RANDOLPH BAXTER, Bankruptcy Judge.

The matter before the Court is an evi-dentiary hearing on the following: 1) the filing of an involuntary petition by General Electric Capital Business Asset Funding Corporation (GECBAF), Spiral of Ohio, LLC, and Xpedex, Inc. (the “Petitioning Creditors”) against the alleged debtor For-tran Printing, Inc. (Fortran) and 2) Motions to Dismiss the Involuntary Petition filed by Fortran, Mark E. Dottore (Receiver), and FirstMerit Bank (FirstMerit). The Court acquires core matter jurisdiction over the instant matter pursuant to 28 U.S.C. §§ 157(a) and (b), 28 U.S.C. § 1334, and General Order Number 84 of this District. Upon review of the testimony and record, generally, the following findings and conclusions are made:

On April 7, 2003, GECBAF, Mancenas Construction Company, Inc. (“Mancenas”), Xpedx and Spiral of Ohio (“Spiral”)(collectively “The Petitioning Creditors”) filed the above-styled involuntary petition under Chapter 7 proceedings alleging For-tran was generally not paying its debts as they became due. 1 GECBAF is a secured creditor with an alleged purchase money security interest in one piece of printing equipment, known as the Harris Press. GECBAF declared Fortran in default of its loan and security agreement on April 26, 2002, for failure to render payments pursuant to the loan from November 2001 through May 2002. GECBAF filed its initial claim in the federal court for this District on May 24, 2002. The Receiver, who was appointed in state court prior to the filing of this case, consented to a default judgment on this pre-receivership debt. The federal court subsequently stayed the hearing on damages. Spiral purportedly obtained a state court judgment in the amount of $26,336.03. Xpedx filed an action in state court alleging $463,920.01 due and owing on its loan. The Xpedx action is still pending. Ma-nasces has an unsecured claim in the amount of $18,000.00, but has not filed any other judicial action against Fortran.

The Receiver, Fortran, and FirstMerit each filed a motion to dismiss the involuntary petition. Each motion incorporates *92 the language of the Receiver’s motion to dismiss. The Receiver contends GECBAF is a secured creditor of Fortran with an alleged purchase money security interest in only one piece of equipment known as the Harris M1000-A printing press. The Receiver alleges that he has provided the petitioning creditors with information to apprise them of Fortran’s solvency and progress towards payment of their claims. The petitioning creditors have received the filed reports required under Ohio law. Spiral conducted business with the Debtor post-receivership and was paid accordingly. In addition, the Receiver contends that he agreed that he would coordinate with GECBAF on the immediate sale of its collateral (the Harris press) to any bona fide purchaser. This proposal was presented and approved by GECBAF. The Harris press was subsequently sold for $500,000.00. Lastly, the Receiver argues that GECBAF, in particular, never pursued its state court remedies, including a replevin action.
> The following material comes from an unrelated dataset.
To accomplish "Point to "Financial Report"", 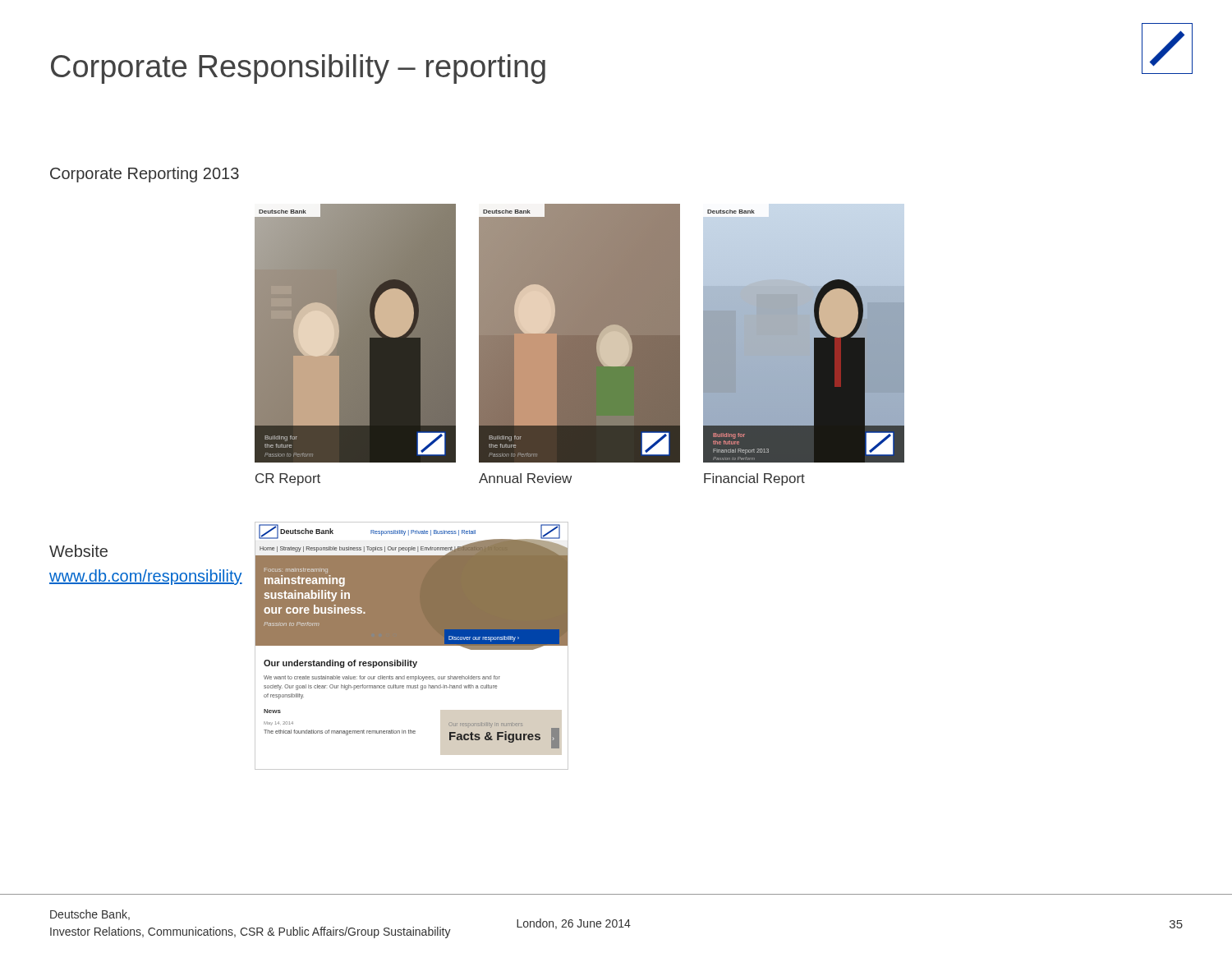I will pos(754,479).

The Receiver, as well as Fortran and FirstMerit, urges the Court to dismiss the case under Section 305 of the Code, in light of Fortran’s post-receivership solvency status and a postpetition settlement which was duly-executed by the parties.

I.

Prepetition, on May 6, 2002, FirstMerit, Fortran’s senior secured creditor, holding a security interest ($1.8 million) in substantially all of Fortran’s assets, filed a motion for the appointment of a receiver in state court. The state court entered a Stipulated Order granting the appointment of the Receiver. Meanwhile, Fortran had entered into an operational arrangement with Paper Money Management LLC (“PMM”) for the purpose of allowing to PMM to complete a purchase of all of Fortran’s assets. As of May 22, 2002, all of Fortran’s assets, except some aged accounts receivable, were in the operational control of PMM. In the month of June, 2002 the Receiver determined that PMM was not running Fortran’s business soundly. Upon discovering that PMM did not pay suppliers, Fortran’s employees, the landlord, or the equipment lessors, the Receiver was authorized by the state court to terminate the PMM lease, and remove PMM’s management.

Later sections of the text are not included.